I kept running across EWTN Live while watching TV last week. It featured Fr. Thomas Dubay as the guest talking about a new series he filmed called "Deep Conversion/Deep Prayer." During his conversation with Fr. Pacwa, they discussed, in response to audience questions, the difference between emotions and will in reference to sin.
In summary, a felt emotion is not a sin. A willed dwelling on it can become sin, as well as the acting-out of the emotion. So, I can feel impatient, and snap at someone. Sin. I can feel impatient, and think murderous thoughts about the person, reviewing the "shoulda woulda coulda's" of how I think the conversation should have gone. Sin. Or I can feel impatient and set it aside or offer it up or blow it off. No sin.

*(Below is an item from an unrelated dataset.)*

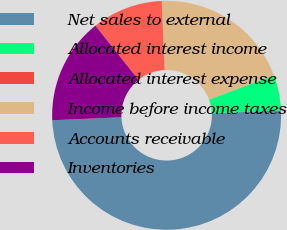Convert chart. <chart><loc_0><loc_0><loc_500><loc_500><pie_chart><fcel>Net sales to external<fcel>Allocated interest income<fcel>Allocated interest expense<fcel>Income before income taxes<fcel>Accounts receivable<fcel>Inventories<nl><fcel>49.99%<fcel>5.0%<fcel>0.0%<fcel>20.0%<fcel>10.0%<fcel>15.0%<nl></chart> 
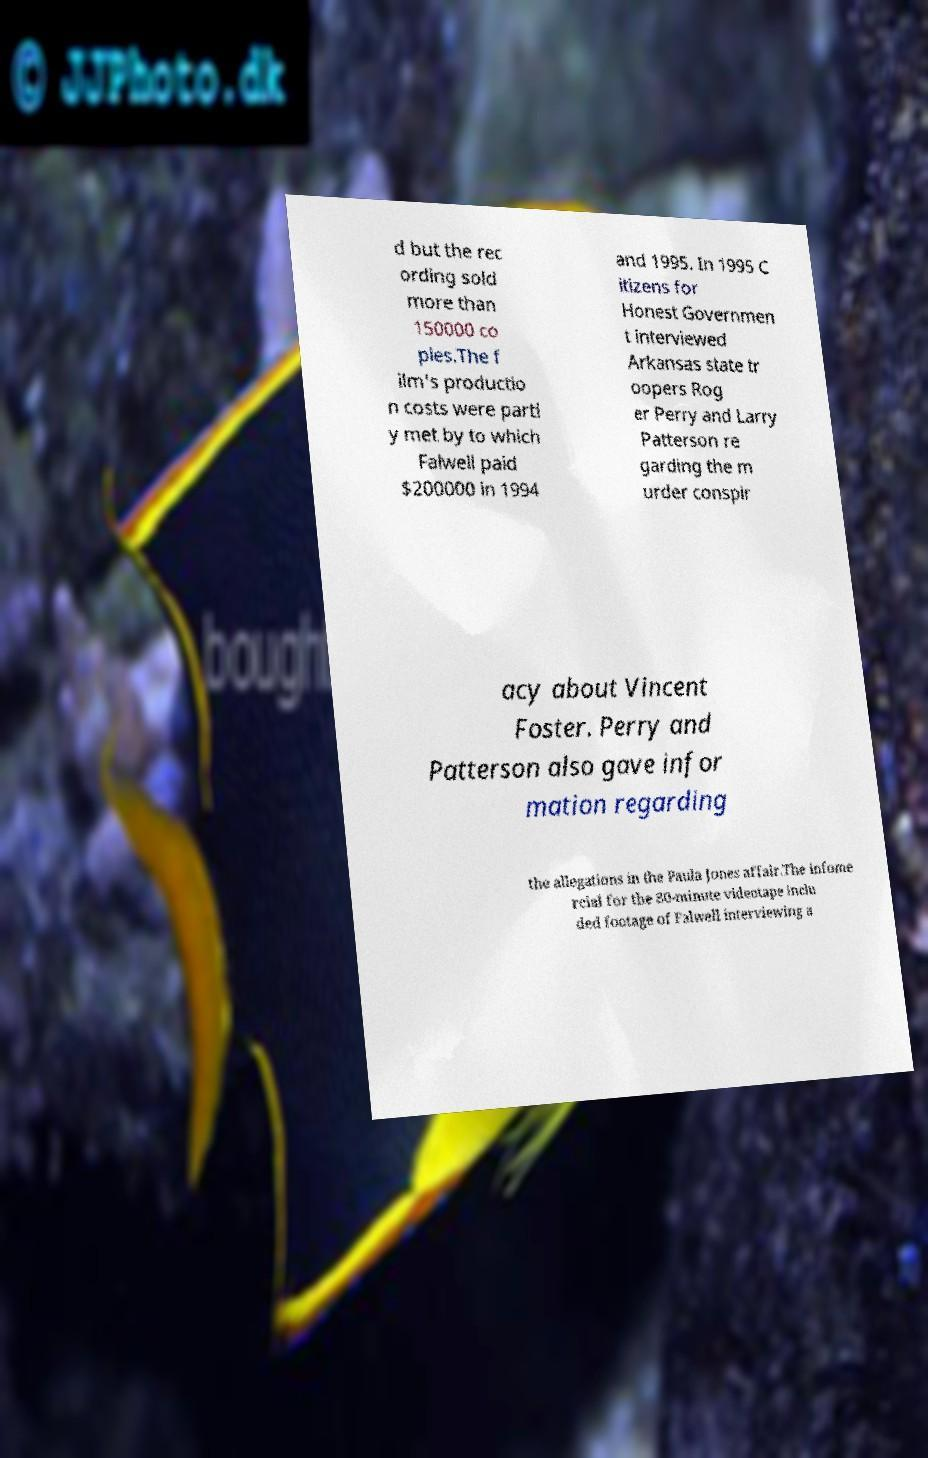Can you read and provide the text displayed in the image?This photo seems to have some interesting text. Can you extract and type it out for me? d but the rec ording sold more than 150000 co pies.The f ilm's productio n costs were partl y met by to which Falwell paid $200000 in 1994 and 1995. In 1995 C itizens for Honest Governmen t interviewed Arkansas state tr oopers Rog er Perry and Larry Patterson re garding the m urder conspir acy about Vincent Foster. Perry and Patterson also gave infor mation regarding the allegations in the Paula Jones affair.The infome rcial for the 80-minute videotape inclu ded footage of Falwell interviewing a

I realized a mistake I've been making lately. While I'm at least mature enough not to ask God to make the other person not so thoroughly irritating (!), I have not asked God for help to recognize the emotion and deal with it internally, instantly and in charity. Instead, I have been asking Him to make me not impatient. It's as though I feel unable to control the progression of emotion-to-will-to-action.
Better it would be if I would recognize that I will be impatient, and to see it, smile at it (internally, or I'd be smiling like a loon all day) and set it aside in gratitude for the Peace that passeth all understanding.
How do you short-circuit that path in yourself?